Rings um das Regierungsviertel und das Brandenburger Tor wird die Polizei eine Sicherheitszone einrichten, wo weder Autos und Fahrräder noch größere Behälter abgestellt werden dürfen. Auch die Anwohner werden die Einschränkungen zu spüren bekommen. Ihnen ist es während der Visite verboten, sich auf dem Balkon aufzuhalten und die Fenster zu öffnen. Beim Obama-Besuch hatte sich ein Anwohner an das Verbot nicht gehalten. Er war deshalb sofort von Scharfschützen ins Visier genommen worden.

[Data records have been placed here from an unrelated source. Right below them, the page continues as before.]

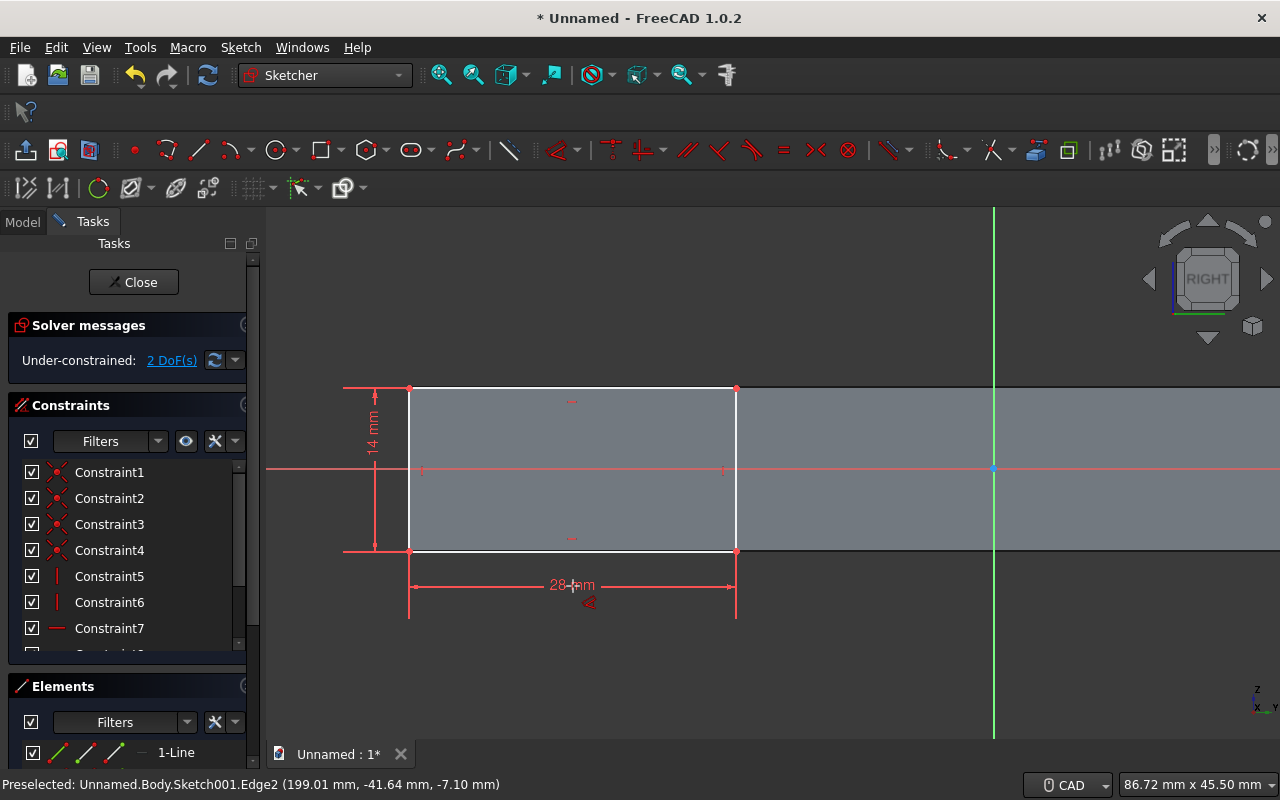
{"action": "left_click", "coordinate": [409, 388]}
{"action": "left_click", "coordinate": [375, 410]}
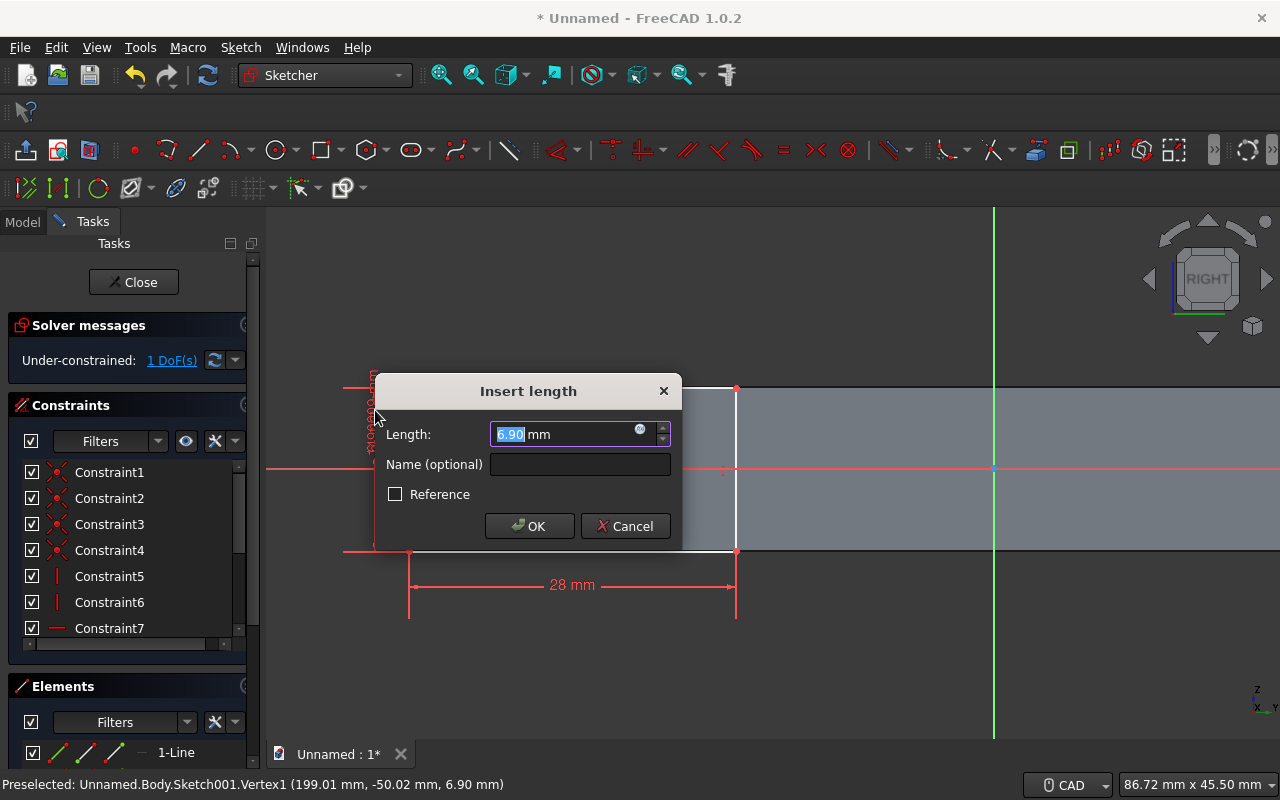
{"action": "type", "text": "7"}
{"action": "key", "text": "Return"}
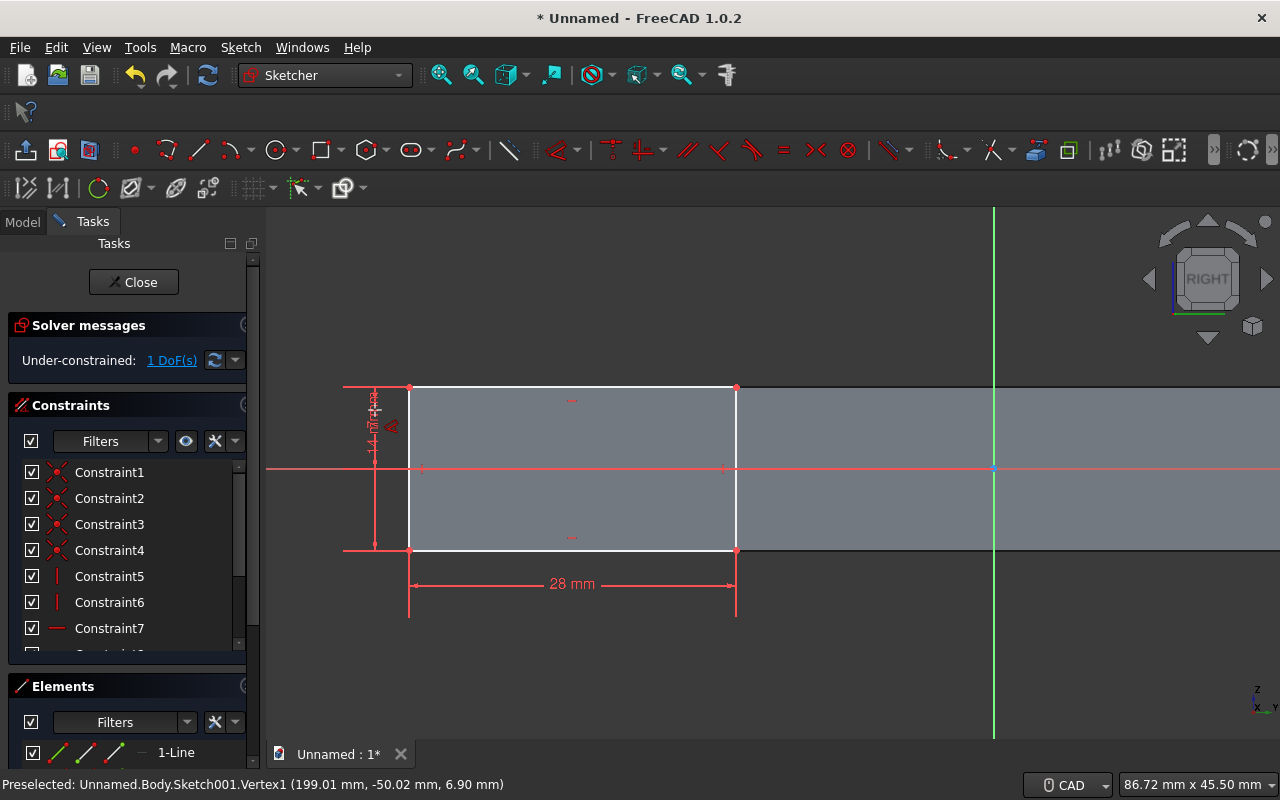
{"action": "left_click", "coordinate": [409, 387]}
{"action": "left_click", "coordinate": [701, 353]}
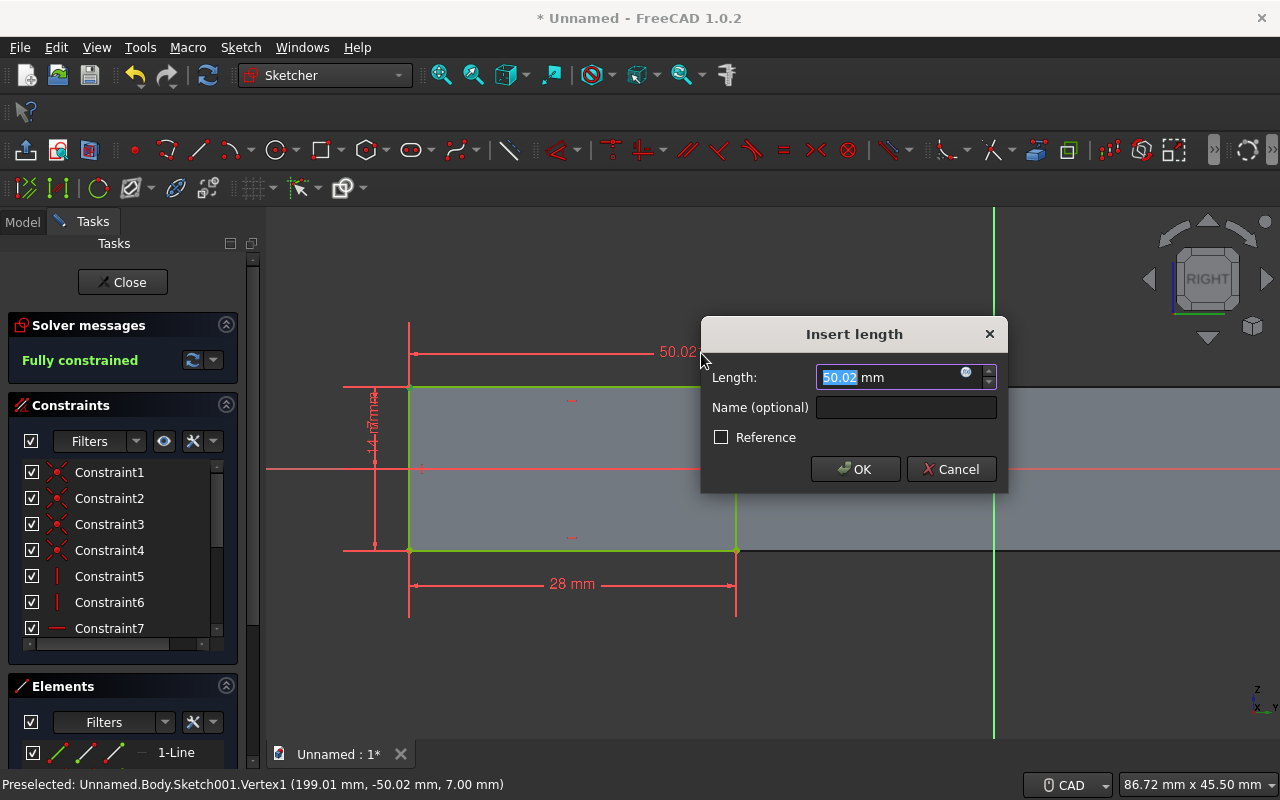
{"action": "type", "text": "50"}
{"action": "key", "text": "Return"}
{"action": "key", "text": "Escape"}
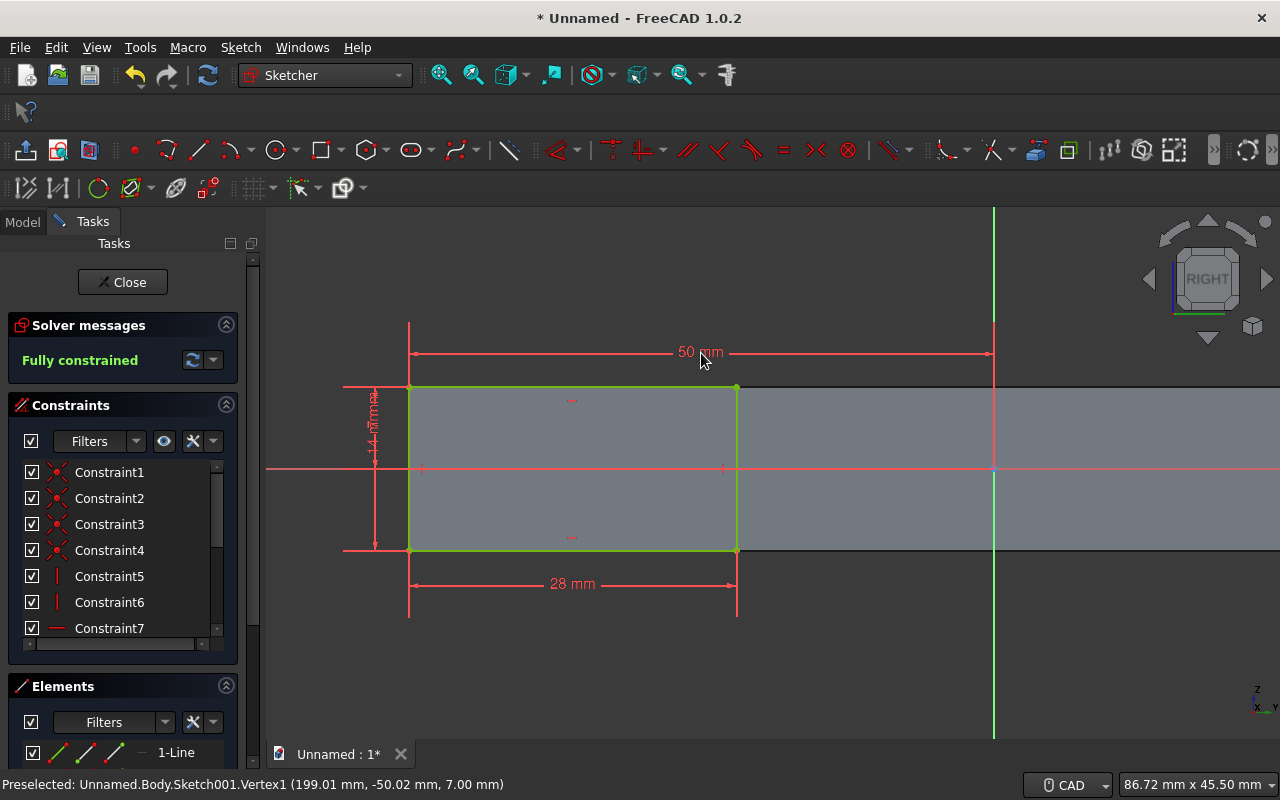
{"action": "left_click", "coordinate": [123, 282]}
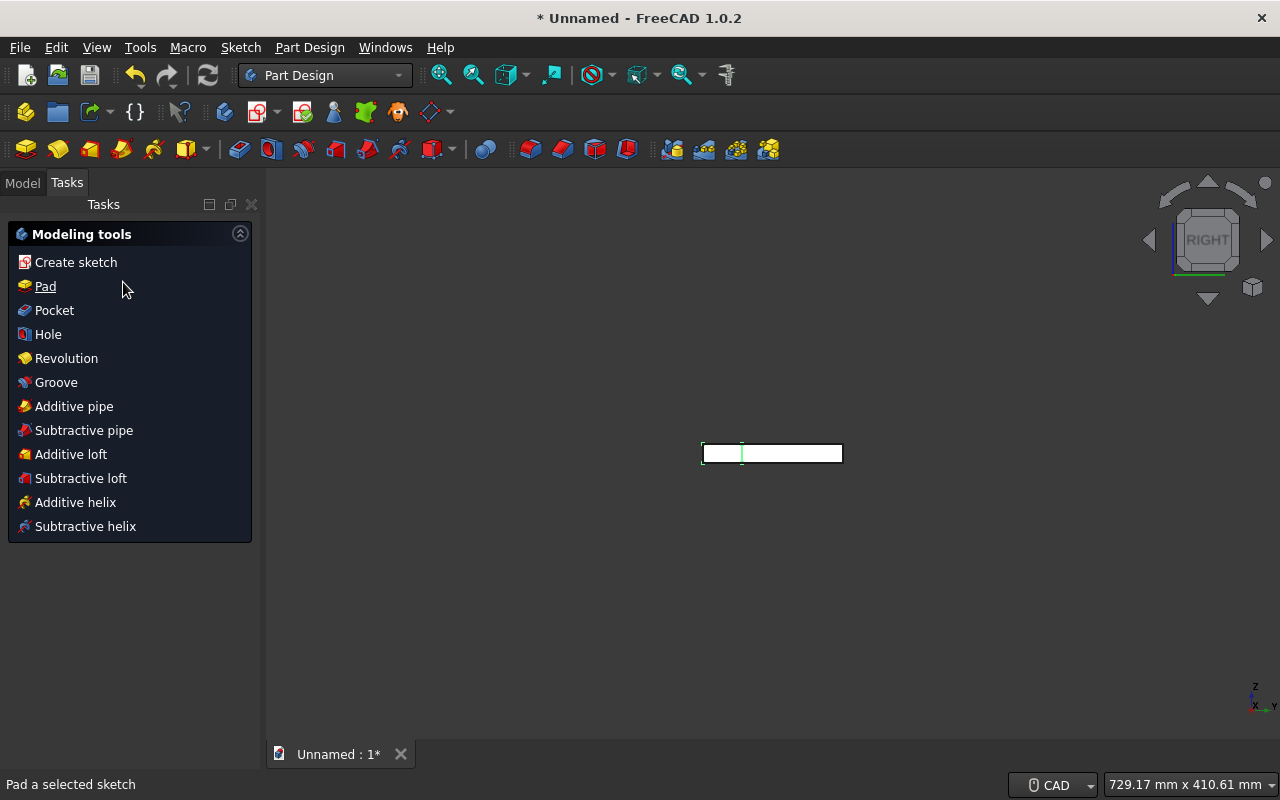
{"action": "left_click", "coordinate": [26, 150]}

Zehntausende zu Demonstrationen erwartet
Auch der Protest gegen den Staatsbesuch formiert sich. So wurden bereits mehrere Kundgebungen bei der Polizei angemeldet und sind auch schon genehmigt. So wird es am 28. September von 8 bis 18 Uhr eine Kundgebung vor dem Bellevue unter dem Motto: „Menschenrechte für Minderheiten in der Türkei“ geben. Die Veranstaltung wird von der Gesellschaft für bedrohte Völker organisiert. Der selbe Veranstalter hat zur selben Zeit und auch zum selben Thema zu einer Kundgebung am Bundeskanzleramt aufgerufen.
Die Organisation Reporter ohne Grenzen will zwischen 14 und 17 Uhr an der selben Stelle gegen die Verhaftung von Journalisten in der Türkei protestieren. Der FDP-Abgeordnete Marcel Luthe hat zu einer Demonstration vom Breitscheidplatz zum Brandenburger Tor unter dem Motto „Meinungsfreiheit in Europa und der Türkei“ aufgerufen. Sie soll um 16 Uhr beginnen.
Am 29. September plant die kurdische Gemeinde von 12 bis 16 Uhr am Brandenburger Tor eine Protestveranstaltung gegen den Besuch Erdogans. 5 000 Teilnehmer werden erwartet. In der selben Zeit wollen 10 000 Menschen mit einer Demo gegen die Politik des türkischen Staatspräsidenten vom Neptunbrunnen zum Brandenburger Tor protestieren. Da ist der hohe Gast schon längst auf dem Heimflug.